[Records drawn from a dataset]
============================================================
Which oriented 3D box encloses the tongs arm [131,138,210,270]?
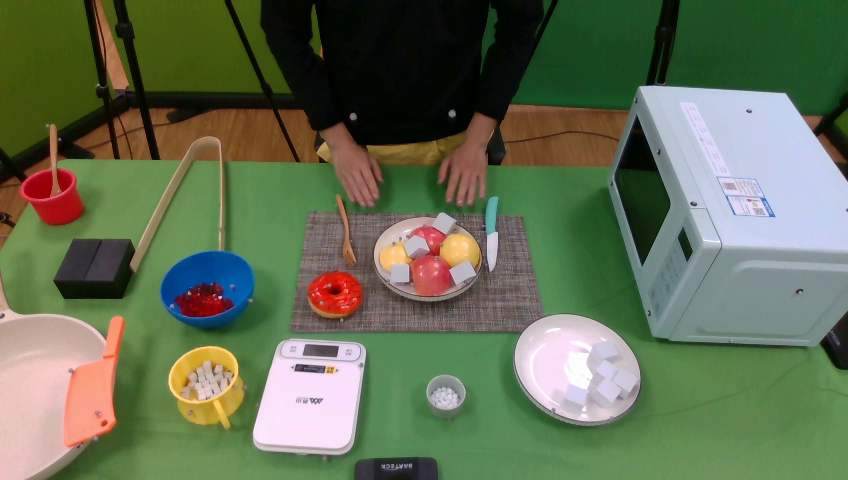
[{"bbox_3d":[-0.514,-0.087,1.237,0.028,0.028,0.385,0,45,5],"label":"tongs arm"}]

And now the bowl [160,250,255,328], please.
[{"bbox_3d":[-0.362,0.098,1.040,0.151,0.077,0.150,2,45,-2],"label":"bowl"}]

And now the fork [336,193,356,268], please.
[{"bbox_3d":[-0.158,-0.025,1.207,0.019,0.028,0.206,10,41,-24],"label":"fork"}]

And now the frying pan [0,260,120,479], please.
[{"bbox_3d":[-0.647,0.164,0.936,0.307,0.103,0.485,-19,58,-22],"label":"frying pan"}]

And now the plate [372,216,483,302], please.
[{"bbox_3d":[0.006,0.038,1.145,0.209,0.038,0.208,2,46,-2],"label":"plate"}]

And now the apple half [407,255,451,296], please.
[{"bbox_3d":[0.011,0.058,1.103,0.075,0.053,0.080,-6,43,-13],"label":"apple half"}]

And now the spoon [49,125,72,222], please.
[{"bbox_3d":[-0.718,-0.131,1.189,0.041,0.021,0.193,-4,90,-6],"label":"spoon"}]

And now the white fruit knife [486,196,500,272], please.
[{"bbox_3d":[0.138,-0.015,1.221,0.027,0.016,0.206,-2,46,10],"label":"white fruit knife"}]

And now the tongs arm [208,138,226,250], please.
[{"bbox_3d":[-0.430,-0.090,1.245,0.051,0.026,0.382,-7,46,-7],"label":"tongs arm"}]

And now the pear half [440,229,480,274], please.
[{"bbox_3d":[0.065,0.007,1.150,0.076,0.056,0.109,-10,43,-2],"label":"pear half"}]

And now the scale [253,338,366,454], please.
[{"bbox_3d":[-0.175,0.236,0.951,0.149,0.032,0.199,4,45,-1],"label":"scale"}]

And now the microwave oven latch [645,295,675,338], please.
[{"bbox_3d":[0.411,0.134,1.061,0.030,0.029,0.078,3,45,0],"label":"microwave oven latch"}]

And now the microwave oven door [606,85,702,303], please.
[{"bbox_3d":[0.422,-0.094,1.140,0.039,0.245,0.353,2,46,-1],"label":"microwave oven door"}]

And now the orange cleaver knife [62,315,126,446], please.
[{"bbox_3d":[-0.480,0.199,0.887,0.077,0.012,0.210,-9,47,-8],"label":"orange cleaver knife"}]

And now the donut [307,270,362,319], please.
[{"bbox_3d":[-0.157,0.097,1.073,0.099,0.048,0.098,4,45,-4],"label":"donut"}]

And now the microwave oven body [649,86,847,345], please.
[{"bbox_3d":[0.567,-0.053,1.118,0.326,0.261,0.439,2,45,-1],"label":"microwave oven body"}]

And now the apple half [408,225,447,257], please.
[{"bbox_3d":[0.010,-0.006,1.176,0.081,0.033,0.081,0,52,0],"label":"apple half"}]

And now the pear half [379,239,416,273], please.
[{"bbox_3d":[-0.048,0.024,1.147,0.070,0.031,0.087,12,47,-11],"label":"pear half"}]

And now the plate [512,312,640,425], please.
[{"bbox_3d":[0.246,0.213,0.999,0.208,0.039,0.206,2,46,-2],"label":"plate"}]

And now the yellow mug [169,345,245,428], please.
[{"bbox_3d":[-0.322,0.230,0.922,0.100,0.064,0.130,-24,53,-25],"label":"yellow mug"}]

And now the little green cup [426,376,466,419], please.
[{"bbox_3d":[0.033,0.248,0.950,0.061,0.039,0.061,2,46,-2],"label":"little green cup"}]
============================================================
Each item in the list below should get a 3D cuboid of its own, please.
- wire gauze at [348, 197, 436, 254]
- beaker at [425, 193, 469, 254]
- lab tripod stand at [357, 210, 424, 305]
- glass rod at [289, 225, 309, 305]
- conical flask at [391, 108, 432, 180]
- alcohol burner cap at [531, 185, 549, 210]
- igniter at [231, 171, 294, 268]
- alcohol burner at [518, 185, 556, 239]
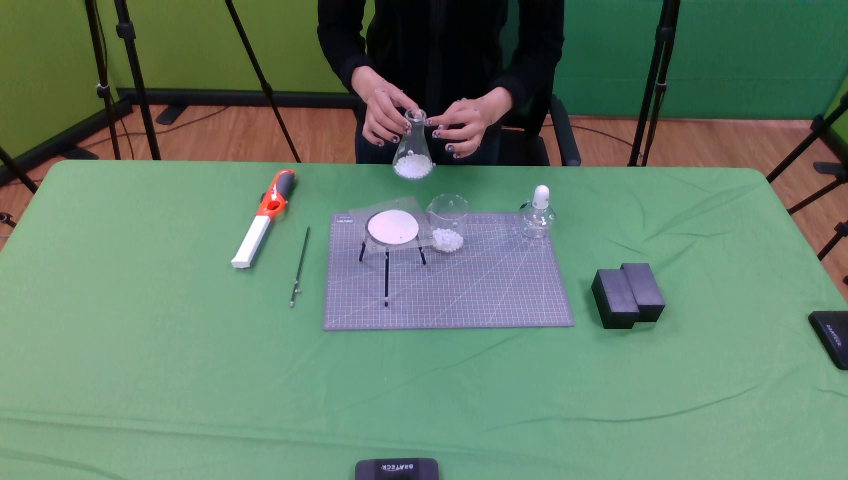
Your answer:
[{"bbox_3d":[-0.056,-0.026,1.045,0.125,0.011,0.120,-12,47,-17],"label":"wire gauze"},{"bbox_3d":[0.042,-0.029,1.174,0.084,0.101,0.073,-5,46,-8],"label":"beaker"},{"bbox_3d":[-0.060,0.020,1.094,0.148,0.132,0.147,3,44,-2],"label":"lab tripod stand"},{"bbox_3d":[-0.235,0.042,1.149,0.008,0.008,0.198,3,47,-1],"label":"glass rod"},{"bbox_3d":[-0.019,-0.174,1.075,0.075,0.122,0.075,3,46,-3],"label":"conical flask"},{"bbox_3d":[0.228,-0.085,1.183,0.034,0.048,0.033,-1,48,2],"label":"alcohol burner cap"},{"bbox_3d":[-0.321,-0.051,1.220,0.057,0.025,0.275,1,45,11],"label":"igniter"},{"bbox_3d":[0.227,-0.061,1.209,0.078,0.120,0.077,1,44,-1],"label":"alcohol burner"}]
============================================================
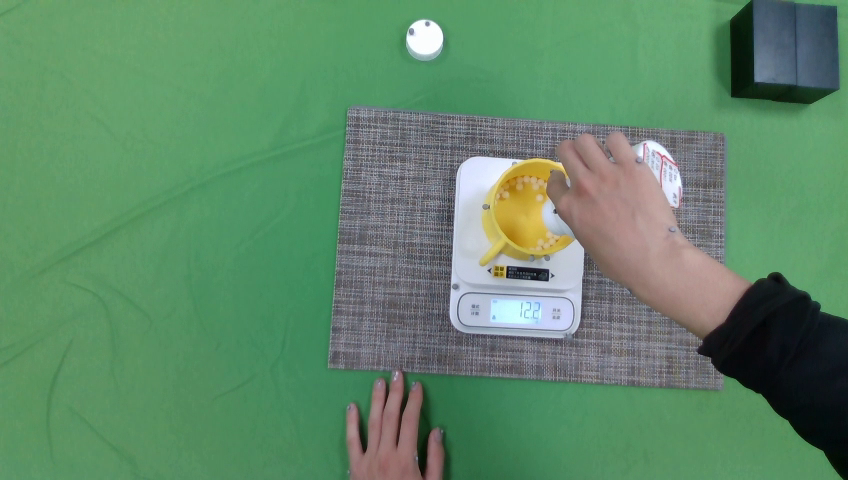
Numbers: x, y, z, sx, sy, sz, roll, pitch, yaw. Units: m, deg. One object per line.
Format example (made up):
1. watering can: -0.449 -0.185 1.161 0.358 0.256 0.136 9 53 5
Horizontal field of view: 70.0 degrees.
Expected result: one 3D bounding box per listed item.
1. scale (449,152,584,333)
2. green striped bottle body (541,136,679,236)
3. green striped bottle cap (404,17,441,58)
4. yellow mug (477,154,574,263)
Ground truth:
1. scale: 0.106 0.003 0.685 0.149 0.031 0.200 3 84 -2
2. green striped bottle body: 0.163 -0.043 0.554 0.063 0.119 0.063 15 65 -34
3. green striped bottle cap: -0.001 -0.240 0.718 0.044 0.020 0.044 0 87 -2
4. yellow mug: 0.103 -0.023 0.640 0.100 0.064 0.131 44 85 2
============================================================
### DIRECTIONS
Scan the entries above and show each line that contains the word "item".

### EXPECTED OUTPUT
Each item in the list below should get a 3D cuboid of its own, please.
Expected result: one 3D bounding box per listed item.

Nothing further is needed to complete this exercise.